Running the data collection


Once I had those two pieces worked out, the next step was setting up something that ran every few minutes, retrieved the "current song" from the station's website, and placed it into the database. The easiest option was a group of Zaps at Zapier - with a Zap for each station, which looks like this:


  • The trigger uses Zapier's Webhook integration, which calls one of the Runkit endpoints that I created
  • The filter step discards any data that's missing the song/artist info, which indicates the station is playing advertisements
  • The final step saves the data into the correct collection

Since the Zaps run/poll about every five minutes, it's possible that a station might play a short song in between two cycles, but this isn't a production-grade experiment.  Eventually, I might convert/replace the Zaps with Cloudflare's Cron triggers for Workers (assuming I have enough free-time and attention span, which is unlikely).  In the meantime, Zaps are a fantastic way to get things up and running quickly and easily (with observability into how well things are running).

I currently have these five Zaps running, each configured for a specific station:


Rebuilding the front-end


As the Zaps gradually accumulated the historical data, I started working on rebuilding the front-end.  Since the visualization/graphing code is very minimalistic (it's a single static page), and doesn't require any special server, I decided to use a CodePen to host this piece.  Most of the original (and obsolete) front-end code still worked, so I only had to rebuild the parts that interacted with the database - switching things from MongoDB over to Cloud Firestore.  The two biggest challenges were:
  • Converting the query - in MongoDB, querying is pretty easy, the database call passes over a "fairly simple" JSON object that contains the search's settings.  In Cloud Firestore, the JSON object is a "bit more complex" and requires a Structured Query.
  • Reading the data - in MongoDB, the query returns an array which contains the documents/objects from the database (thus the objects received match the objects in the database).  In Cloud Firestore, the documents aren't "simple JSON", but rather a more detailed format which contains lots of meta-information about each of the document's fields/data-types.  Fortunately, StackOverflow had the answer I needed, to convert those document objects into "plain objects".

Viewing the results


After all that work (and a few days to collect enough historical data), the results show which stations have "lots of variety", and which have "little variety" (and thus, overplay a small set of songs).

For example, KZJK is a Jack FM station, which plays a wide variety (and sometimes random) assortment of music.  During a two-day span, most songs were only played once or twice:





On the flipside, KDWB is a Top 40 station, which plays a small collection of songs more frequently.  During a two-day span, some songs were played 20 times:





Next Steps

There's a long list of enhancements/improvements that I'd like to perform, but it's unlikely that I'll have the time needed to work on things.
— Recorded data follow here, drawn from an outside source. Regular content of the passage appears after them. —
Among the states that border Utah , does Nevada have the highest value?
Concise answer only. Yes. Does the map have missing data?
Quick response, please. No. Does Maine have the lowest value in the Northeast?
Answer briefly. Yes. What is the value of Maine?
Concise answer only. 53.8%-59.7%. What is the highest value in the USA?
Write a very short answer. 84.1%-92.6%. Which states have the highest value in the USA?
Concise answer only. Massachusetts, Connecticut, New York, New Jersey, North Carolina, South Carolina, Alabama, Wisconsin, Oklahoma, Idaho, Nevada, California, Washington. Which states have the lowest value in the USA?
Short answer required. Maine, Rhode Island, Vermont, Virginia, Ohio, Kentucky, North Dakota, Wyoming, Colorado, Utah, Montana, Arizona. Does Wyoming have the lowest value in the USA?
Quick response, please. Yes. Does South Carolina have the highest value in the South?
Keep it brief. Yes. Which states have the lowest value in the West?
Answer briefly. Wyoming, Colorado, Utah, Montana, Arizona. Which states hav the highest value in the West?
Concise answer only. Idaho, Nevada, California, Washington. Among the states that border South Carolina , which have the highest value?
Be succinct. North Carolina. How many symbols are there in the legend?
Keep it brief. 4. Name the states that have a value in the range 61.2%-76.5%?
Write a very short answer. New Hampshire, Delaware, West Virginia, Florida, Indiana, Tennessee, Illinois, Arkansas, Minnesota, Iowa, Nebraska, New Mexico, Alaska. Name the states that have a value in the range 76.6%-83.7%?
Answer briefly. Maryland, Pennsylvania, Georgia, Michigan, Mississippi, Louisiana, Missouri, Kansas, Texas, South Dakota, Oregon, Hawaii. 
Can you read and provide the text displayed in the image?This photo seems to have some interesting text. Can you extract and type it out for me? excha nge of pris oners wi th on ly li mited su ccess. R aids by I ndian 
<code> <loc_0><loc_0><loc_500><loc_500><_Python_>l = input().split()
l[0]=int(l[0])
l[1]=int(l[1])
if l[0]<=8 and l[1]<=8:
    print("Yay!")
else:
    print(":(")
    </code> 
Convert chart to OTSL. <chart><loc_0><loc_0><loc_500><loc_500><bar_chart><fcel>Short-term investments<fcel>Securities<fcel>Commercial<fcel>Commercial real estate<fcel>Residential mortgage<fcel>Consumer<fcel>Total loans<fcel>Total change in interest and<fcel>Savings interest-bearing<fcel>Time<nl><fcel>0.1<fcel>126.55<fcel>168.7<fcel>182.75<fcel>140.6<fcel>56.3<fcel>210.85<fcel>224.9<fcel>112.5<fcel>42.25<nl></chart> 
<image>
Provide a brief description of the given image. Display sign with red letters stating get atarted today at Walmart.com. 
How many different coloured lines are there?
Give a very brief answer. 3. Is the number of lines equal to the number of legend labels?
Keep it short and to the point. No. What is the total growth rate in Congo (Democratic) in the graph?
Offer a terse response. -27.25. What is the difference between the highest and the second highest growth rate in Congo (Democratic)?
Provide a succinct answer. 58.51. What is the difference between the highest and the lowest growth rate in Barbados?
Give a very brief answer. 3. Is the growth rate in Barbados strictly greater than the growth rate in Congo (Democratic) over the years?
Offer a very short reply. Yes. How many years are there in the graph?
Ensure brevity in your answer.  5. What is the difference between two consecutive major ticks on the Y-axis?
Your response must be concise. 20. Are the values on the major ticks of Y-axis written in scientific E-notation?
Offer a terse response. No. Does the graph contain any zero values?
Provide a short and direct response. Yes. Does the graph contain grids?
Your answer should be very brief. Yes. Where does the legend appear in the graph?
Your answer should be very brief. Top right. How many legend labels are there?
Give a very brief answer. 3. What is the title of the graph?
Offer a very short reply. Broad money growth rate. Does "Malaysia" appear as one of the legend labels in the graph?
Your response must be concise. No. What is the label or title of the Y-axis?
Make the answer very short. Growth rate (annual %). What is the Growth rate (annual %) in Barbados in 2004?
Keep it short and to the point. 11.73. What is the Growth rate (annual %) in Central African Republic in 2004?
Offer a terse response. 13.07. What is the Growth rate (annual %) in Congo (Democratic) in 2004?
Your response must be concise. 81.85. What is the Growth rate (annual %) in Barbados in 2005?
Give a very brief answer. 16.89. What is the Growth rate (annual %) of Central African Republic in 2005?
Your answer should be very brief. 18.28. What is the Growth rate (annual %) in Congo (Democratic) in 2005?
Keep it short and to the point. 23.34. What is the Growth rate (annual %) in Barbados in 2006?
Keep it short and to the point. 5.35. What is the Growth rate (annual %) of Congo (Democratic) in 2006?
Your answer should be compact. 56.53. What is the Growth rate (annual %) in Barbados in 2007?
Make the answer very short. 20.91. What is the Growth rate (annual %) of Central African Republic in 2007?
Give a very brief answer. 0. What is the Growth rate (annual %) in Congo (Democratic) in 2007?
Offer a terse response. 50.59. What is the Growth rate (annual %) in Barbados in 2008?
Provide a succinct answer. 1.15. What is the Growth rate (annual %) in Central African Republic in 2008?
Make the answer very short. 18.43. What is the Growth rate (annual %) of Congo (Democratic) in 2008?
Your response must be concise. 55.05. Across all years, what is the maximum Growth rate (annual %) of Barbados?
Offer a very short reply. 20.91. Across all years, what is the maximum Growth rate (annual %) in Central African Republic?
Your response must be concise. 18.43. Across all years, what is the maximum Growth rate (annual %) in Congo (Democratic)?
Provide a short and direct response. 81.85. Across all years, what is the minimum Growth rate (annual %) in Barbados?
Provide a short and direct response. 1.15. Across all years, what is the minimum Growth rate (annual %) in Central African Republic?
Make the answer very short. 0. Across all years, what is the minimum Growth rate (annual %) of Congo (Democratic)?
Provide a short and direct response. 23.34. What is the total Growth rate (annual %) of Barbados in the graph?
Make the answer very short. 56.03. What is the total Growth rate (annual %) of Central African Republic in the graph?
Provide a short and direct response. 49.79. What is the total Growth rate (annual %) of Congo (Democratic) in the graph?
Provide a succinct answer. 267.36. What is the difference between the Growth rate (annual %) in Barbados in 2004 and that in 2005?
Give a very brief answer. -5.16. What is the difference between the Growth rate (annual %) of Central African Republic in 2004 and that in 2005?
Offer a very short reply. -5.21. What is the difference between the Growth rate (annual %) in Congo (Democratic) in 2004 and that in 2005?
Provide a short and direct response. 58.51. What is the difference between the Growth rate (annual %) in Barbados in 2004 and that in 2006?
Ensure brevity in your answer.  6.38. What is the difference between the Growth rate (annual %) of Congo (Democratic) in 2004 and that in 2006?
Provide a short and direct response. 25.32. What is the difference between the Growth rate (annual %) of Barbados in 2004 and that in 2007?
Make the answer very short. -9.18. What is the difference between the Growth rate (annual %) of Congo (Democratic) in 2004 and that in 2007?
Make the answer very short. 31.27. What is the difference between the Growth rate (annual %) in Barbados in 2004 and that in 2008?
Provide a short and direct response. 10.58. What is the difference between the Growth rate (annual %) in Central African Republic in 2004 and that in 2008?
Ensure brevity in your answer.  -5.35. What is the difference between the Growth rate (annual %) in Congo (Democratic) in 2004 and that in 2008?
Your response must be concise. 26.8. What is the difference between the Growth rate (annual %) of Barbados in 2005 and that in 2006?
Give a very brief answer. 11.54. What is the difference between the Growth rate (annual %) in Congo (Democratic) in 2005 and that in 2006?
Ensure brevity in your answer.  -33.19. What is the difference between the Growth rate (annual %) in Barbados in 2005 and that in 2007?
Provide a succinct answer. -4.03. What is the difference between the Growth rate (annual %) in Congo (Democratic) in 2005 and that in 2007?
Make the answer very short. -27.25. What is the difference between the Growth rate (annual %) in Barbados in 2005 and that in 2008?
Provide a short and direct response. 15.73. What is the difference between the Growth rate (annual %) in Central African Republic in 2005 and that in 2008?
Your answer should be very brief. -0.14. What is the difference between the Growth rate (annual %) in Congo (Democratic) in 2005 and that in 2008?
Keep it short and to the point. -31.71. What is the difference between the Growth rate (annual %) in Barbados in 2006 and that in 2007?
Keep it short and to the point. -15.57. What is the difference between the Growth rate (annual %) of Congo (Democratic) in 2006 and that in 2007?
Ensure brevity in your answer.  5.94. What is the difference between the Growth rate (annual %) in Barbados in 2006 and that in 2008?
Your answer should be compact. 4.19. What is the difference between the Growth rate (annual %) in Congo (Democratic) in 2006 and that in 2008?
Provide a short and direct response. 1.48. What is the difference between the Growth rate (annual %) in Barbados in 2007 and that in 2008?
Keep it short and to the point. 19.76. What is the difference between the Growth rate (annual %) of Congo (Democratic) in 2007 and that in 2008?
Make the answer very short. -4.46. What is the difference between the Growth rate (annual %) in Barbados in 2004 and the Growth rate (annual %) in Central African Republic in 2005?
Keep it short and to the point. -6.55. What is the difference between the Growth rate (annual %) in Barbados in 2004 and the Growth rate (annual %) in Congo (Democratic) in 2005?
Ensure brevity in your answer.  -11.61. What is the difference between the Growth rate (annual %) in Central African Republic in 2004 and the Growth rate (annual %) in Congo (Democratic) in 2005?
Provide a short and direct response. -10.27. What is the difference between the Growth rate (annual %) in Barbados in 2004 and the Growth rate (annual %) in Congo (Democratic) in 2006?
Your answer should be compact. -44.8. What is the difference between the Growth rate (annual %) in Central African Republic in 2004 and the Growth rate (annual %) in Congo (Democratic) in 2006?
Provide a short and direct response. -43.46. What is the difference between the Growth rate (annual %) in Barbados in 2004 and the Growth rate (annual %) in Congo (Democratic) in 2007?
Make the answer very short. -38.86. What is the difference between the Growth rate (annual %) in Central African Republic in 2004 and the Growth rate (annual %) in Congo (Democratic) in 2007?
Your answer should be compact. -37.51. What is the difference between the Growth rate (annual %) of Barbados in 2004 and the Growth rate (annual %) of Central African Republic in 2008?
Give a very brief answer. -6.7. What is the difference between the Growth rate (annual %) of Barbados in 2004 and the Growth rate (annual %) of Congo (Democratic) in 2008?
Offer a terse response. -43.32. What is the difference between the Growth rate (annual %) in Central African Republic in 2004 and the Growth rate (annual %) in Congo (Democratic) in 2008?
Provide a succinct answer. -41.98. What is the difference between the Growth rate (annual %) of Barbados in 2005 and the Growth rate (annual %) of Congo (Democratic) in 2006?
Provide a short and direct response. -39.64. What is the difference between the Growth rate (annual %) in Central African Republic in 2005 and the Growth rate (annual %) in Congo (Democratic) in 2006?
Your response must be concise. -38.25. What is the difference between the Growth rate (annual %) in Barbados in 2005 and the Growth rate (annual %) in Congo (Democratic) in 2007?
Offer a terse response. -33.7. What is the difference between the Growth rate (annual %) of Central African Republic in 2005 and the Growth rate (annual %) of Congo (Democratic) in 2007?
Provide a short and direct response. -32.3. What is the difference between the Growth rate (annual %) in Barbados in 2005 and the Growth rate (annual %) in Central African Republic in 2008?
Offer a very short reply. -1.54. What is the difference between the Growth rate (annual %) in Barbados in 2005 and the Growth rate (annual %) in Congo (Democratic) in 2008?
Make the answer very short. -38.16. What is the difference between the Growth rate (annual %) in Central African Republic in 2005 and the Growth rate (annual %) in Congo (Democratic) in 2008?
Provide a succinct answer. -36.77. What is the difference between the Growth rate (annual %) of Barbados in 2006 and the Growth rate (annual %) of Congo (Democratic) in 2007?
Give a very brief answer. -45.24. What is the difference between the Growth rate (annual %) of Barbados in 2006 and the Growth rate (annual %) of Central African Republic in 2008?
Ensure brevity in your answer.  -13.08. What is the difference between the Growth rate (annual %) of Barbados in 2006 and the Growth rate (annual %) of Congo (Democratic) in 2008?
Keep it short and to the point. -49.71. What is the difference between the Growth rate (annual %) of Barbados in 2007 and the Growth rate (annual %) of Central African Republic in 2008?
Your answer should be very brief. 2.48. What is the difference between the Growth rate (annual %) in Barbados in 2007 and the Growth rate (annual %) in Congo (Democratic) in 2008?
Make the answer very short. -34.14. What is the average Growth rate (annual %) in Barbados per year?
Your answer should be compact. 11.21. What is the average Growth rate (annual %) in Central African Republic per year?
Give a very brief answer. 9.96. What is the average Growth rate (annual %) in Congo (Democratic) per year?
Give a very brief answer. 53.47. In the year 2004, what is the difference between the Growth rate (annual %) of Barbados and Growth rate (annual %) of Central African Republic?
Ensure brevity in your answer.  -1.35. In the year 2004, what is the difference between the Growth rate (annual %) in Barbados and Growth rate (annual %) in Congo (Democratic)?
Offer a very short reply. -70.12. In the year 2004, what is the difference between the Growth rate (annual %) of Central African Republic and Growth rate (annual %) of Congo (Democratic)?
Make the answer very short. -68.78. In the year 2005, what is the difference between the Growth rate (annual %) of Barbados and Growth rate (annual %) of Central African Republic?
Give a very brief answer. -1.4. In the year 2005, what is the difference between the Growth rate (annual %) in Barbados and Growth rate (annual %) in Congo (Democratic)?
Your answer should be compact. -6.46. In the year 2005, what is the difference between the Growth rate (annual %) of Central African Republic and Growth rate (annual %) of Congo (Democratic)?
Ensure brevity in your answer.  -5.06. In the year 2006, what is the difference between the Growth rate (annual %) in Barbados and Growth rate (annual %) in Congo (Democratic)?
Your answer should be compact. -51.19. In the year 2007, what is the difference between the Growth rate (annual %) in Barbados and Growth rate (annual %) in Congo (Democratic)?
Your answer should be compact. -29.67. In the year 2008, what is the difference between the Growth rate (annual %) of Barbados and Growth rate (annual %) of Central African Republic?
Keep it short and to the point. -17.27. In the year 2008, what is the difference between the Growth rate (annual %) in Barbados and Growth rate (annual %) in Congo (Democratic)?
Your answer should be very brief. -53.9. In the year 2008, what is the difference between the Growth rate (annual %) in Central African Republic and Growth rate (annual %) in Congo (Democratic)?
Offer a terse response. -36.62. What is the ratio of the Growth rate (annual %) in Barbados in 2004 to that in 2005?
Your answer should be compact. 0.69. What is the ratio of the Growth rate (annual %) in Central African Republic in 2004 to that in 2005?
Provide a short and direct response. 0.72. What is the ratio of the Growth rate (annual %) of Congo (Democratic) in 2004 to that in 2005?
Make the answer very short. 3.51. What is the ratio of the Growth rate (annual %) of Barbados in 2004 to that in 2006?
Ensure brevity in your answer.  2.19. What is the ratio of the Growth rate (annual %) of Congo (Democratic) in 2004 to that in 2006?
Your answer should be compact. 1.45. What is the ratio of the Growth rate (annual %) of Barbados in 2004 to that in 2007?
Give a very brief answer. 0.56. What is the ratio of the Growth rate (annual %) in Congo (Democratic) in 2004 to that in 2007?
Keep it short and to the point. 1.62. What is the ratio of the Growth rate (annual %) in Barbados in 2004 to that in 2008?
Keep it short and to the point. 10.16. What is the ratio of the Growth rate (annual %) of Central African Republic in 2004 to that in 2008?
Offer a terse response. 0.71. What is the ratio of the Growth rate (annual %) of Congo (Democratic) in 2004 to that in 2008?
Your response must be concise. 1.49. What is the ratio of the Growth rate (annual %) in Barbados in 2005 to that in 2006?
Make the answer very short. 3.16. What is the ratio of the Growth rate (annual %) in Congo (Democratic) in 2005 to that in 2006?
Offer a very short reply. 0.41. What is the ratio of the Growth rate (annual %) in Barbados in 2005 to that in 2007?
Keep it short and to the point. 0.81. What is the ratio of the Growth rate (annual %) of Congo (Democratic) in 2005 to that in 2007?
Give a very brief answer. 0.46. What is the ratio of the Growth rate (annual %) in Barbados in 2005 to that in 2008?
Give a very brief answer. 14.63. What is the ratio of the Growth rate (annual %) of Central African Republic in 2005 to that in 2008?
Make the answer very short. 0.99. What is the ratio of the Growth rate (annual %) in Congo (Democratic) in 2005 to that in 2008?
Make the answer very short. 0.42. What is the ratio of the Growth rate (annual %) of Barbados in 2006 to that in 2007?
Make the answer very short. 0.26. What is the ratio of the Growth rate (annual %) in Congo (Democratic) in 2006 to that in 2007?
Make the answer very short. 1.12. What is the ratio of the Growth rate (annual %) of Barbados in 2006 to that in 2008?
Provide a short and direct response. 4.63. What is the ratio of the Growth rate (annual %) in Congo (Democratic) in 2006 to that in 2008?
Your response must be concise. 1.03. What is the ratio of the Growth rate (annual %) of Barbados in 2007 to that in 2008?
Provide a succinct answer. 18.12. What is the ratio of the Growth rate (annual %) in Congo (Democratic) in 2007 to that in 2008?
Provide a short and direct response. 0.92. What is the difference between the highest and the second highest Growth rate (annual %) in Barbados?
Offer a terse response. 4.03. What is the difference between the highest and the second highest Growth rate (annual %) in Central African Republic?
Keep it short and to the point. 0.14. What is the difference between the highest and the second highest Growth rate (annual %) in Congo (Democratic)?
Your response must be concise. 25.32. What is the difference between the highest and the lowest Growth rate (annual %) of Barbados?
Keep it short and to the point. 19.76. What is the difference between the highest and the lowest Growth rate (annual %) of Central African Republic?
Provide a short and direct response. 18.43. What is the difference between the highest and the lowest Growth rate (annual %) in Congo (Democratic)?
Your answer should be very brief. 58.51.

Such as:
  • Switching from Zaps to Clouflare, for faster sampling intervals
  • Setup some metrics with Datadog to monitor the data-collection workers
  • Possibly setup Sentry.io error logging when things break/fail
  • Update and clean up the code, and rearrange it into something more polished

Conclusion

Whenever I'm listening to FM stations, I occasionally encounter a song that seems like it's played "all the time" - but now there's a convenient way to find out whether that's true, or just my perspective (or crappy luck, and listening to a station only when "that song" is playing).

If you'd like to replicate this experiment using your local/favorite FM radio stations, most of the pieces are free to use (Runkit, Cloud Firestore, CodePen).  Zapier's Webhook integration requires a paid plan (but may be available during their introductory trial period?), otherwise you can purchase and cancel anytime. Overall, the biggest challenge is figuring out how to collect/parse the song information from a station's website.